Set in contemporary Glasgow and told in the alternating voices of two sisters, Nelly and Marnie and their gay neighbor, Lennie, The Death of Bees is richly atmospheric, a tale of two orphaned children forced into a battle of survival after their parents suddenly disappear. Marnie informs her younger sister that “we’re on our own now,” because their junkie mother and father, Izzy and Gene, are most probably dead or “gone to Spain.” The girls have become encumbered by their place in a society that seems to openly disapprove of them.

As ladylike 12-year-old Nelly perpetually sucks on her cornflakes and coke and 15-year-old Marnie, a bright girl with an “utterly destructive temperament,” ponders the “pervert living next door,” O’Donnell takes great pains to show that the girls and Lennie are victims of society's expectations. Lennie lives in a virtual wilderness after the death of his lover, Joseph, and his cruel branding as a sex offender by the neighbors after he used his dog as an excuse to seek out rent boys in the public park. Even as the callousness quickens Lennie’s blood, he does little more than watch the girls dig and garden for days, blissfully unaware of the menace that hovers near.

Marnie, on the other hand, is well aware of Lennie’s presence, but she’s suddenly afraid of everything outside of the house. She gets the fright of her life when she sees Lennie at the bottom of the garden, his dog pulling at the wild lavender and threatening to uncover the secret that is buried there. While Nelly is sullen, inhabiting her own little world, Lennie begins to take the sisters’ concerns seriously, his paternal desires set in stark contrast to grandfather Robert T Macdonald, who turns up looking for his daughter. A staunch conservative, Robert T MacDonald isn’t prepared for Nelly and Marnie’s tenuous state even as he waxes and wanes with regret, full of remorse and shame over how he treated their mother.

Into this landscape of moldy housing estates, junkies, wet weather and suppurating resentments, O’Donnell introduces us to a drug dealer called Vlado and an ice-cream vendor named Mick who seems at first to offer truant, streetwise Marnie and innocent Nelly a way out of their situation. Hardened by urban living, neglect and poverty, the sisters long ago abandoned hope. Fueled by years of resentment, Marnie in particular is forced to snatch whatever is offered and to grab at the things put upon them by strangers, the “unnatural comforts and the abhorrent cruelties."
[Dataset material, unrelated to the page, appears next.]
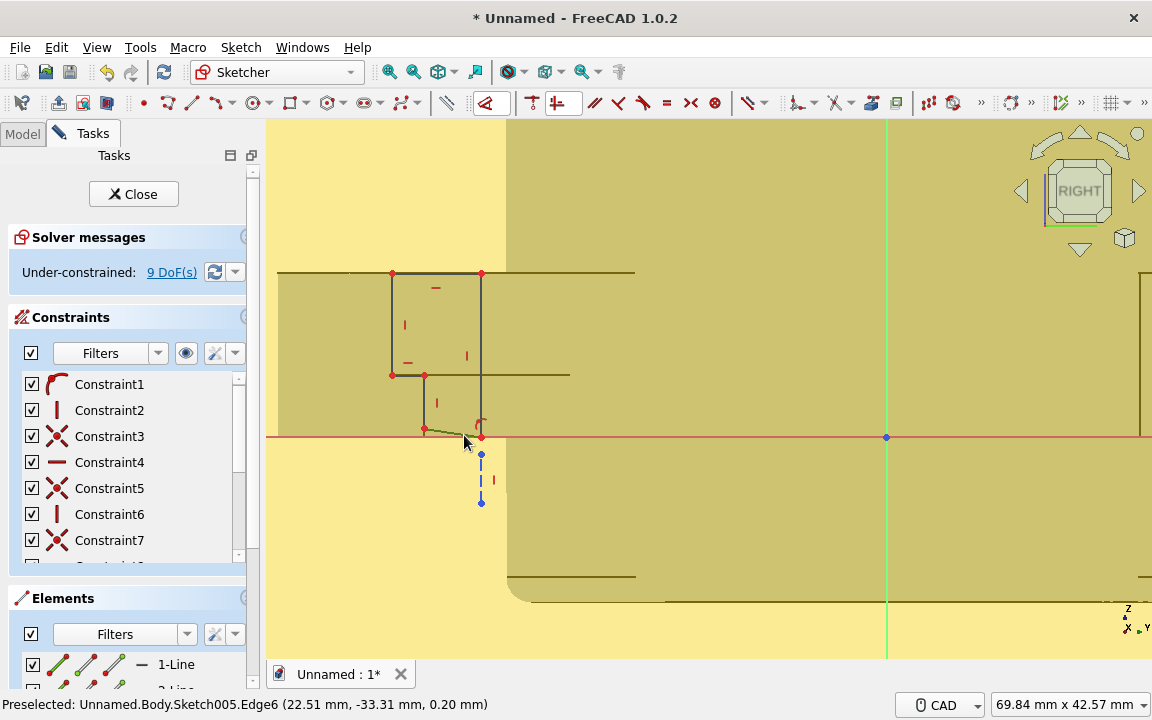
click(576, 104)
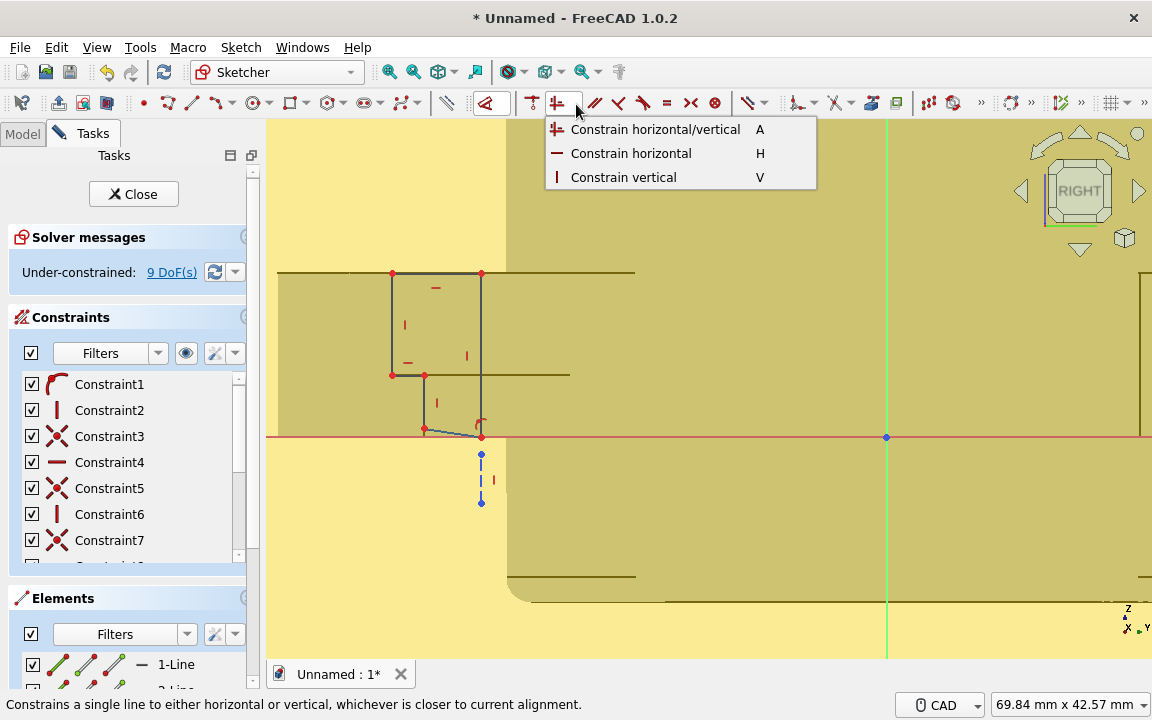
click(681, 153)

The bleak beauty of Glasgow’s setting and Marnie’s unquestionable bond with Nelly clashes dramatically with the terrible, throbbing secret that connects the three main characters. With violent inevitability, Lennie learns what he must about the sisters and come to terms with the nature of his feelings while also finding the courage to respond to them with compassion and understanding. The reader is fully aware that Marnie and Nelly are going to undergo the impossible--kick the urge to look for a father figure and cultivate a relationship with a lonely man who has nothing to do with a mother who neglected her children and who hated herself mostly on account her of her own father.
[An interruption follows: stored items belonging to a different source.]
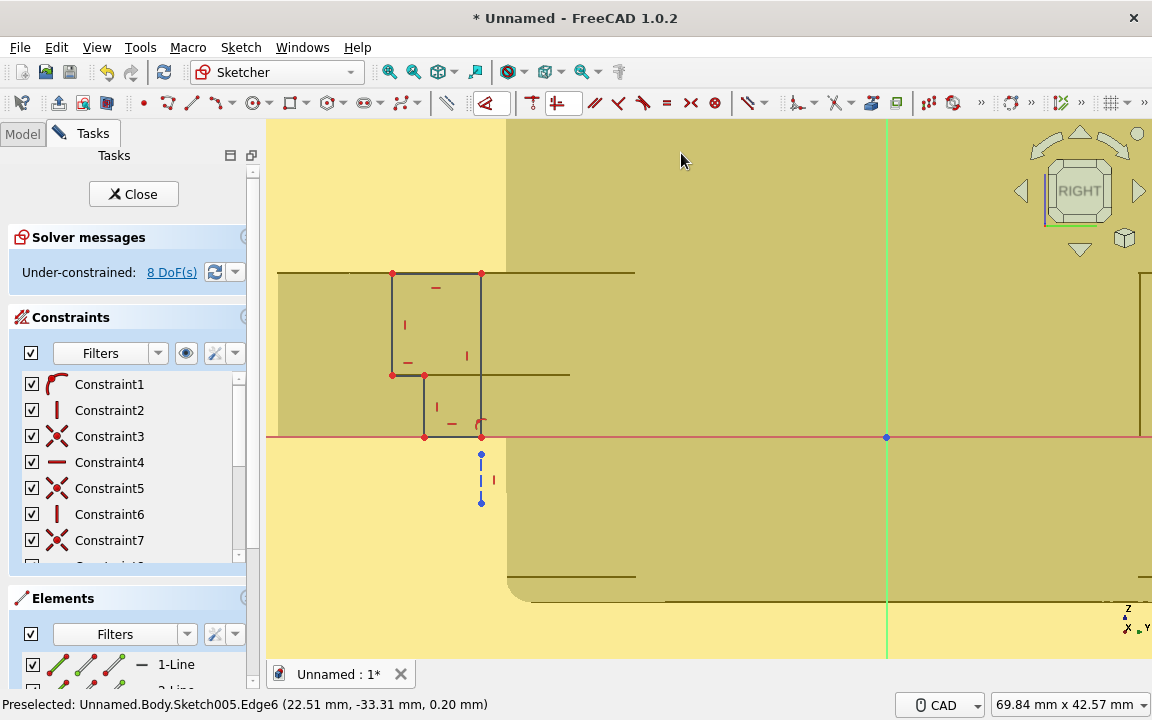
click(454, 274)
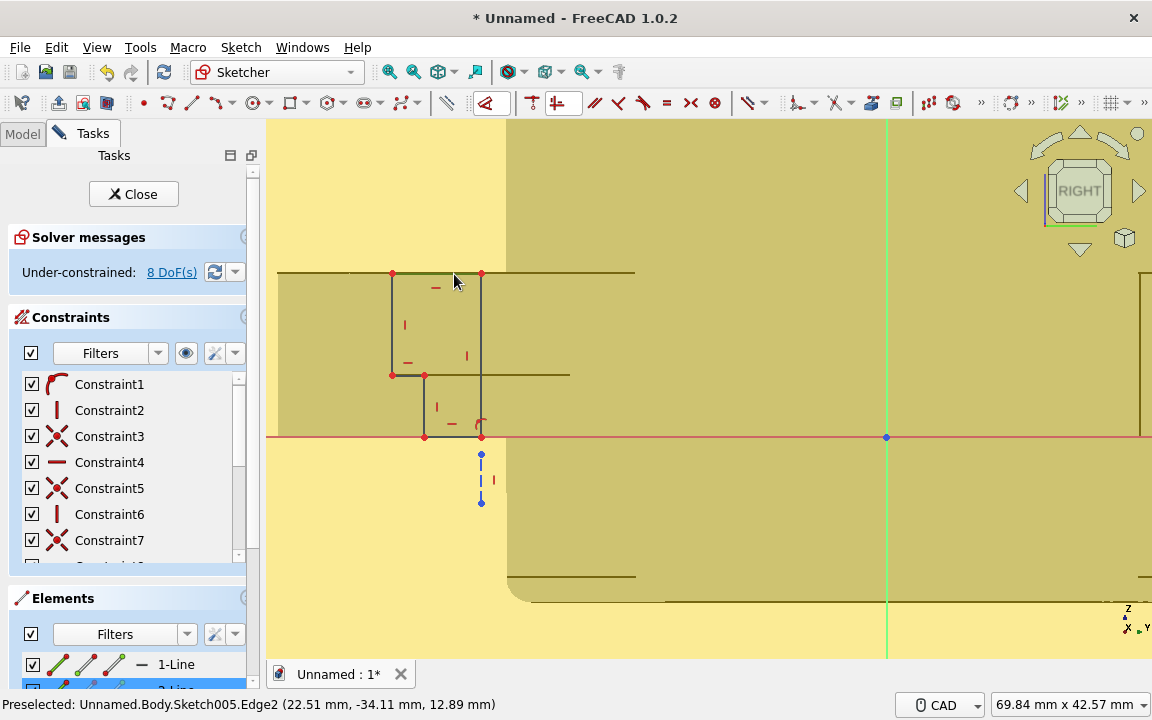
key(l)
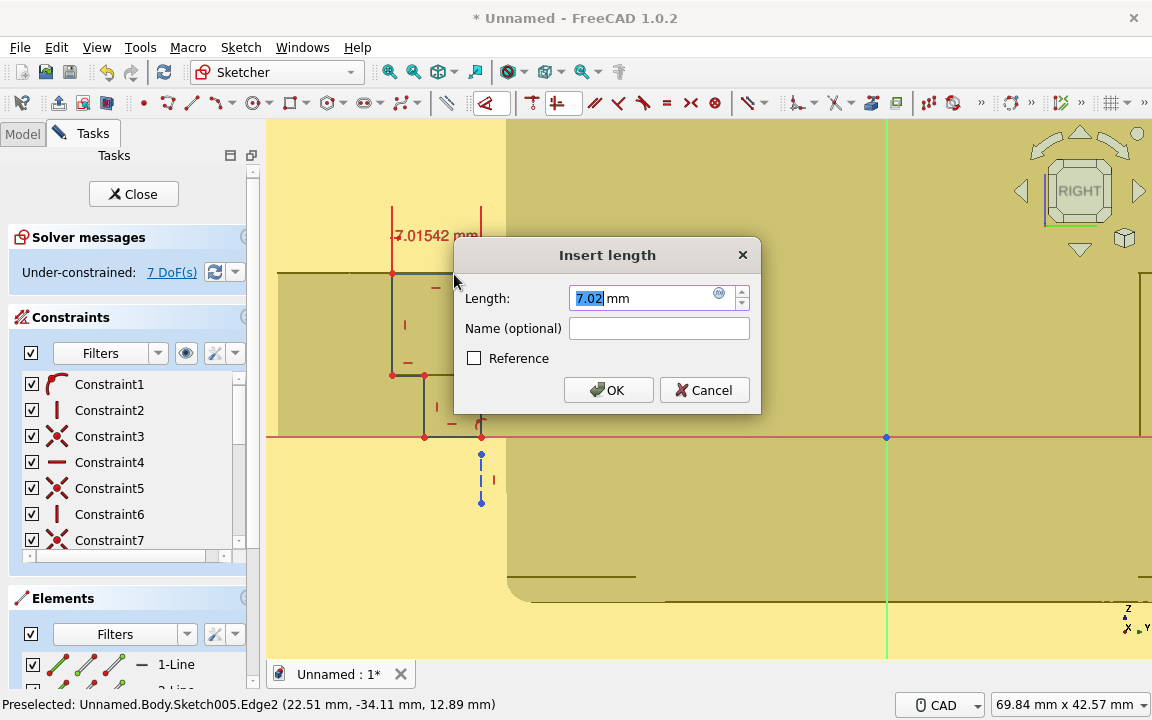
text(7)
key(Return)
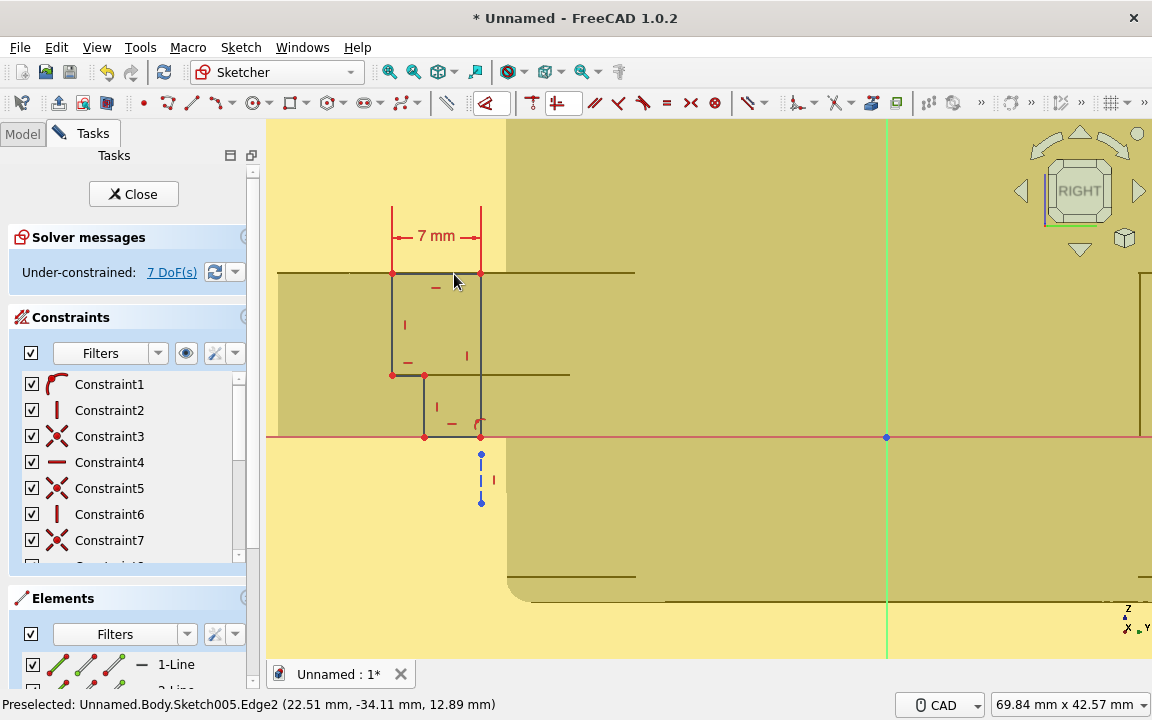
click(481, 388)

O’Donnell thinks nothing of leaving us out in the cold as she explores her characters’ motives and means then brings from somewhere out of left field a plot thread involving a long hidden stash of drug money. Marnie and Nelly fight to keep their lives intact, far from the meddlesome network of social services as opportunity and cruelty merge in this tale of bleak psychological acuity. Everyone has a motive, and the sisters are forced to run once more from their grief and secrets.